_Data supplied_
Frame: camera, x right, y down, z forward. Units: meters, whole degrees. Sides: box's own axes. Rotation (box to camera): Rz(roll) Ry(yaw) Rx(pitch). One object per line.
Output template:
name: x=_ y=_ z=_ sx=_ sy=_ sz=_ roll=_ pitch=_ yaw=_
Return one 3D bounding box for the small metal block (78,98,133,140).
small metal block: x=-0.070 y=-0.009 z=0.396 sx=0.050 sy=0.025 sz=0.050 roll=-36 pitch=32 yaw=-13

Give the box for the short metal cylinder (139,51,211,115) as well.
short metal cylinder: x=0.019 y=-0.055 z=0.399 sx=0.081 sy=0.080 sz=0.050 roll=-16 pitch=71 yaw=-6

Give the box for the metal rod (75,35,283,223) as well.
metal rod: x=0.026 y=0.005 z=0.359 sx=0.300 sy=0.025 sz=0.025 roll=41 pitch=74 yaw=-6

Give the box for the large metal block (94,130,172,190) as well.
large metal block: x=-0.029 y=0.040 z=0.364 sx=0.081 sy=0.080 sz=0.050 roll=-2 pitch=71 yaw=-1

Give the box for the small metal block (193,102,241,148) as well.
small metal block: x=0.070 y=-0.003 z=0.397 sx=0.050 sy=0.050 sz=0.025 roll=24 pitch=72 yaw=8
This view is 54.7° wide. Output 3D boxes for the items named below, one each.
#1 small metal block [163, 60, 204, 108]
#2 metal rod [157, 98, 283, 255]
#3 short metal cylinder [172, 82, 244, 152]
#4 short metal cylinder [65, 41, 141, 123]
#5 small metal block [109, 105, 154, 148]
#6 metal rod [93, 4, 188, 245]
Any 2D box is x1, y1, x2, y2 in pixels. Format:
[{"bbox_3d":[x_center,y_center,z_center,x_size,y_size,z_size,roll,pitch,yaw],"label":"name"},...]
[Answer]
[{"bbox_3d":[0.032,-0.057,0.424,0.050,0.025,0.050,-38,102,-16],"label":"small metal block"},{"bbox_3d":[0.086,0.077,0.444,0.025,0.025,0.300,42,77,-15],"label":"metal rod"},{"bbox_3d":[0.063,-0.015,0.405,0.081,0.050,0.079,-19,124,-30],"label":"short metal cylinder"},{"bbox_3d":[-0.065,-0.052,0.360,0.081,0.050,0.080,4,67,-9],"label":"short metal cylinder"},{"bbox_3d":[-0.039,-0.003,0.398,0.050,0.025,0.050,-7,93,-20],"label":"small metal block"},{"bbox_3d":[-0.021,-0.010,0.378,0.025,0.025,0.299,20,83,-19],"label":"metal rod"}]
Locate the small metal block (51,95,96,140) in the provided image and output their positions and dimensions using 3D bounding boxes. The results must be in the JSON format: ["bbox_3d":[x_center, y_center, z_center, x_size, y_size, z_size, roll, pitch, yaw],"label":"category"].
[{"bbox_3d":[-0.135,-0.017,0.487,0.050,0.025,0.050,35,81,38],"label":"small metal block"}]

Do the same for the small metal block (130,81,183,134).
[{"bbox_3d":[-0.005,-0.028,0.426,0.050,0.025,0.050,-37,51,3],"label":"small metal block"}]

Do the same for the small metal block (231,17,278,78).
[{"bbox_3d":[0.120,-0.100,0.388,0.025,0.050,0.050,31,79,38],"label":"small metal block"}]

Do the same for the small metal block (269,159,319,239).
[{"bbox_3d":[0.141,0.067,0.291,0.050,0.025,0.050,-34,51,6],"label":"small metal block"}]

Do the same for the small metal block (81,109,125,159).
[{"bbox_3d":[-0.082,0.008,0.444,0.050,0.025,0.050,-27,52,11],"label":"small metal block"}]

_What to work on_
Once you have read the records above, set each one down again exactly.

_Written answer_
Frame: camera, x right, y down, z forward. Units: meters, whole degrees. Sides: box's own axes. Rotation (box to camera): Rz(roll) Ry(yaw) Rx(pitch). One object per line.
Output template:
name: x=_ y=_ z=_ sx=_ sy=_ sz=_ roll=_ pitch=_ yaw=_
Return one 3D bounding box for the small metal block (78,98,133,140).
small metal block: x=-0.070 y=-0.009 z=0.396 sx=0.050 sy=0.025 sz=0.050 roll=-36 pitch=32 yaw=-13

Give the box for the short metal cylinder (139,51,211,115) as well.
short metal cylinder: x=0.019 y=-0.055 z=0.399 sx=0.081 sy=0.080 sz=0.050 roll=-16 pitch=71 yaw=-6

Give the box for the metal rod (75,35,283,223) as well.
metal rod: x=0.026 y=0.005 z=0.359 sx=0.300 sy=0.025 sz=0.025 roll=41 pitch=74 yaw=-6

Give the box for the large metal block (94,130,172,190) as well.
large metal block: x=-0.029 y=0.040 z=0.364 sx=0.081 sy=0.080 sz=0.050 roll=-2 pitch=71 yaw=-1

Give the box for the small metal block (193,102,241,148) as well.
small metal block: x=0.070 y=-0.003 z=0.397 sx=0.050 sy=0.050 sz=0.025 roll=24 pitch=72 yaw=8
This view is 54.7° wide. Output 3D boxes for the items named below, one each.
#1 small metal block [163, 60, 204, 108]
#2 metal rod [157, 98, 283, 255]
#3 short metal cylinder [172, 82, 244, 152]
#4 short metal cylinder [65, 41, 141, 123]
#5 small metal block [109, 105, 154, 148]
#6 metal rod [93, 4, 188, 245]
Any 2D box is x1, y1, x2, y2 in pixels. Format:
[{"bbox_3d":[x_center,y_center,z_center,x_size,y_size,z_size,roll,pitch,yaw],"label":"name"},...]
[Answer]
[{"bbox_3d":[0.032,-0.057,0.424,0.050,0.025,0.050,-38,102,-16],"label":"small metal block"},{"bbox_3d":[0.086,0.077,0.444,0.025,0.025,0.300,42,77,-15],"label":"metal rod"},{"bbox_3d":[0.063,-0.015,0.405,0.081,0.050,0.079,-19,124,-30],"label":"short metal cylinder"},{"bbox_3d":[-0.065,-0.052,0.360,0.081,0.050,0.080,4,67,-9],"label":"short metal cylinder"},{"bbox_3d":[-0.039,-0.003,0.398,0.050,0.025,0.050,-7,93,-20],"label":"small metal block"},{"bbox_3d":[-0.021,-0.010,0.378,0.025,0.025,0.299,20,83,-19],"label":"metal rod"}]
Locate the small metal block (51,95,96,140) in the provided image and output their positions and dimensions using 3D bounding boxes. The results must be in the JSON format: ["bbox_3d":[x_center, y_center, z_center, x_size, y_size, z_size, roll, pitch, yaw],"label":"category"].
[{"bbox_3d":[-0.135,-0.017,0.487,0.050,0.025,0.050,35,81,38],"label":"small metal block"}]

Do the same for the small metal block (130,81,183,134).
[{"bbox_3d":[-0.005,-0.028,0.426,0.050,0.025,0.050,-37,51,3],"label":"small metal block"}]

Do the same for the small metal block (231,17,278,78).
[{"bbox_3d":[0.120,-0.100,0.388,0.025,0.050,0.050,31,79,38],"label":"small metal block"}]

Do the same for the small metal block (269,159,319,239).
[{"bbox_3d":[0.141,0.067,0.291,0.050,0.025,0.050,-34,51,6],"label":"small metal block"}]

Do the same for the small metal block (81,109,125,159).
[{"bbox_3d":[-0.082,0.008,0.444,0.050,0.025,0.050,-27,52,11],"label":"small metal block"}]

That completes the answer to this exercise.